Wright’s debut novel, “Harold,” is largely an effort to transpose his stand-up sensibility to fiction. Plotwise, very little happens. Its title hero is a 7-year-old boy attending his third-grade class in suburban Massachusetts. It’s 1965, and Harold’s teacher is reminding him to remember his upcoming assignments. But he’s the kind of kid who isn’t going to get boxed in by assignments, or reminding, or remembering. He’s smart but psychically entirely off the grid. “He did more thinking than someone his age,” Wright explains. “Or any age.”

Though Wright, now 67, doesn’t dwell on diagnoses, Harold’s busy brain is almost certainly a case of ADHD. And the background details that flicker into the story suggest he’s processing a trauma or two: His mother has been briefly institutionalized, so he’s recently spent a summer living with his crusty grandfather. If there’s a father around, Harold is stubbornly determined to think about anything but.

David Duchovny wants to be taken seriously as a novelist. His new book makes a good case.

Instead, his cranium becomes a vaudeville revue of curious musings, which he imagines as birds fluttering in a “rectangle in his head.” Many of those thoughts are tart and aphoristic in a very Wright-ian way. For instance:

“Wouldn’t it be great if he had a pair of glass bottom shoes that he could wear on the glass bottom boat with no socks on so that if the fish looked up they could for the first time in their lives see bare feet that weren’t in the water.”

Or: “Harold wondered if bird angels would have four wings.”

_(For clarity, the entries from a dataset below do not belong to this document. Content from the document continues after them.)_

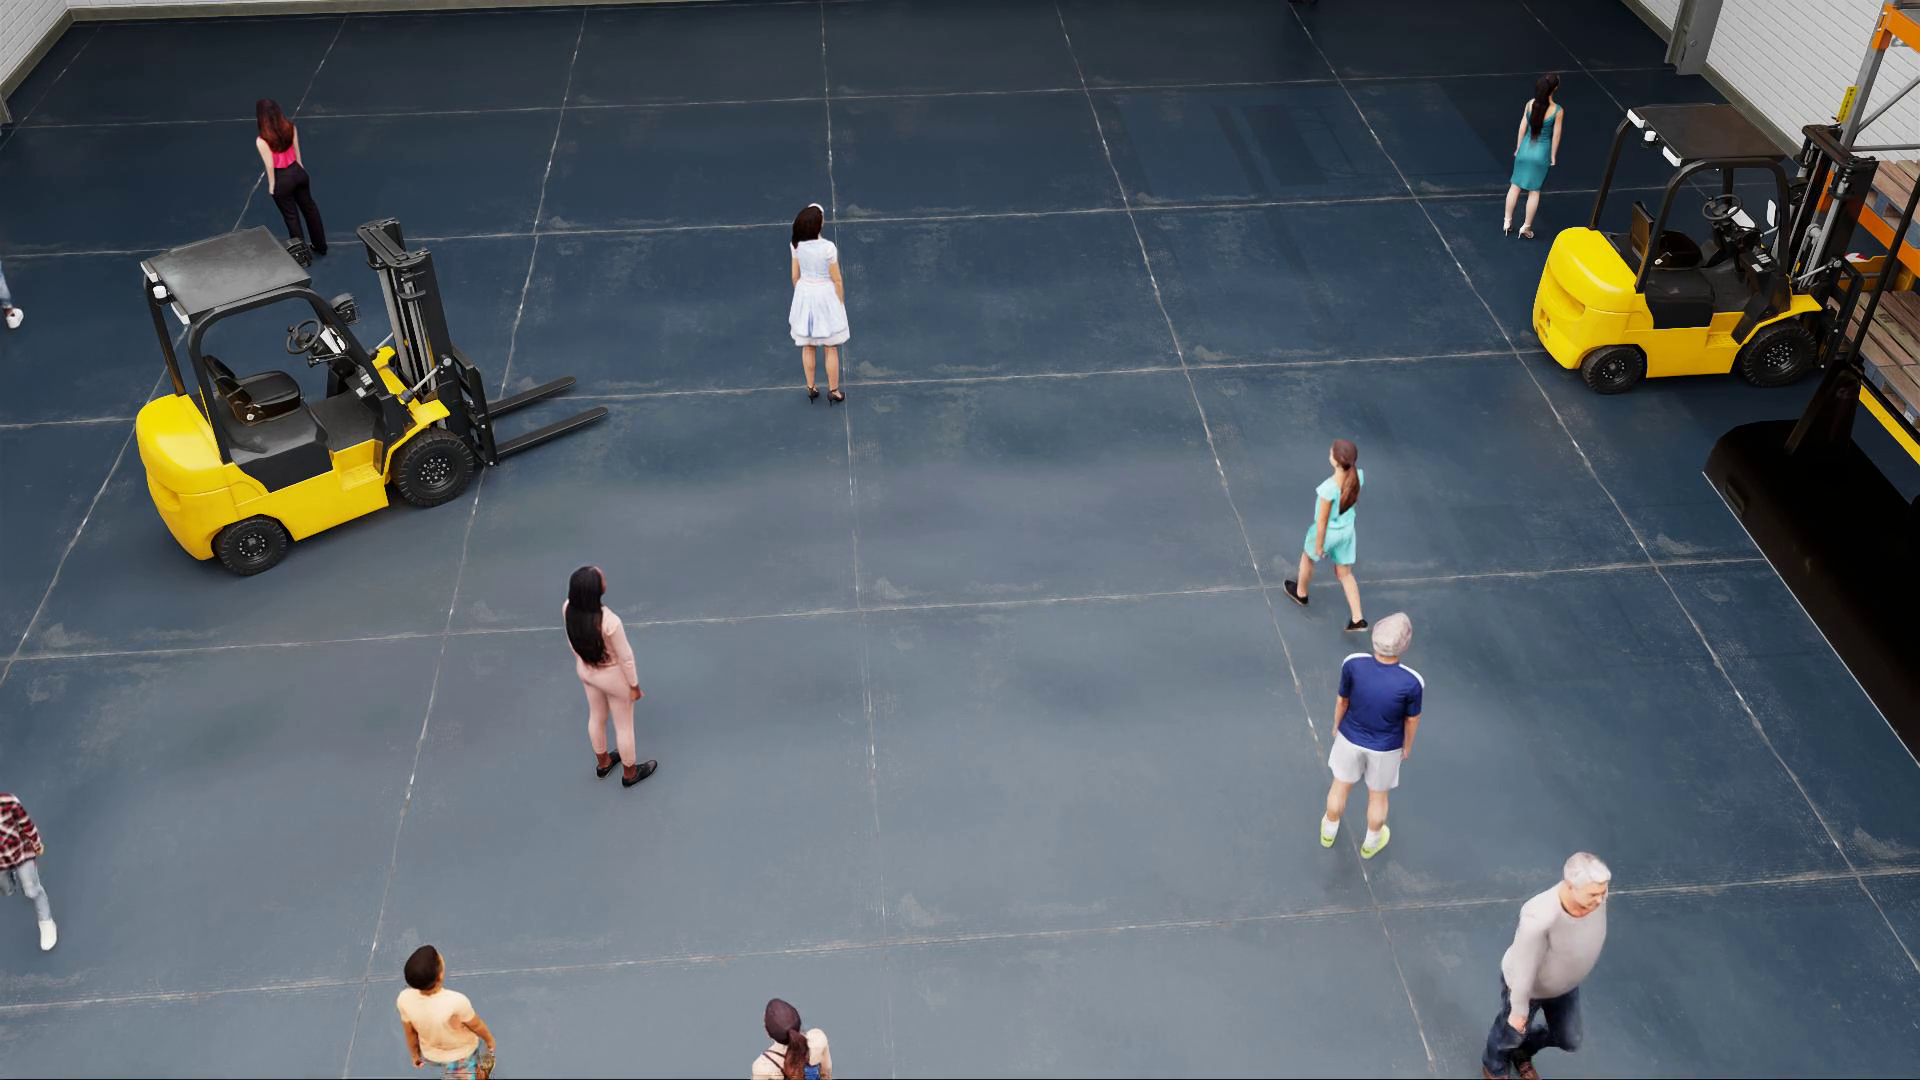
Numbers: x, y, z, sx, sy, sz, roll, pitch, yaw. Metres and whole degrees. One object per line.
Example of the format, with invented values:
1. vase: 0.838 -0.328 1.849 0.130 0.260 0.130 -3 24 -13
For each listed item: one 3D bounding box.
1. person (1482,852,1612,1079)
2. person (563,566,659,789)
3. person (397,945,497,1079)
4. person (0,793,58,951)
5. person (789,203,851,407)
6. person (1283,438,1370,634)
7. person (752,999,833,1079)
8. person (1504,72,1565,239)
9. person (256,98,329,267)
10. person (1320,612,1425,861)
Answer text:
1. person: 2.913 2.189 8.500 0.812 1.894 0.775 -15 41 -18
2. person: -2.201 0.850 10.315 0.703 1.721 0.727 20 43 23
3. person: -2.577 2.616 8.338 0.680 1.430 1.038 4 39 5
4. person: -5.464 1.743 9.539 0.660 1.294 0.858 -14 41 -16
5. person: -1.171 -1.926 13.716 0.814 1.816 0.851 11 40 13
6. person: 2.649 -0.015 11.549 0.803 1.533 1.107 -16 41 -19
7. person: -0.759 2.780 8.004 0.797 1.590 1.070 -18 42 -21
8. person: 5.540 -3.710 16.053 0.624 1.687 0.674 25 45 28
9. person: -6.327 -3.381 15.663 0.732 1.658 0.637 19 43 23
10. person: 2.430 1.158 9.835 0.719 1.839 0.719 15 41 18

Or: “How different it would be if, when boats pulled huge nets out of the ocean full of thousands of fish, the fish were screaming in horror.”

Or: “Being in love was like being on a seesaw where one side contained nitroglycerin.”

And so on. The subjects of Wright’s riffing are all over the place, accommodating black-and-white vs. color film, internal bleeding, Lakota folklore, space exploration. The daydreamscapes are far-flung too: Harold imagines himself visiting a cemetery with a classmate, then kicking back at a coffee shop on the moon, where he discusses the state of the universe with astronomer Carl Sagan. The oddness of the settings hardly matters, though; just about every element of “Harold” is subordinate to its job as a delivery system for Wright’s observations. (Unsurprisingly, he initially conceived the book as a novel-in-tweets.)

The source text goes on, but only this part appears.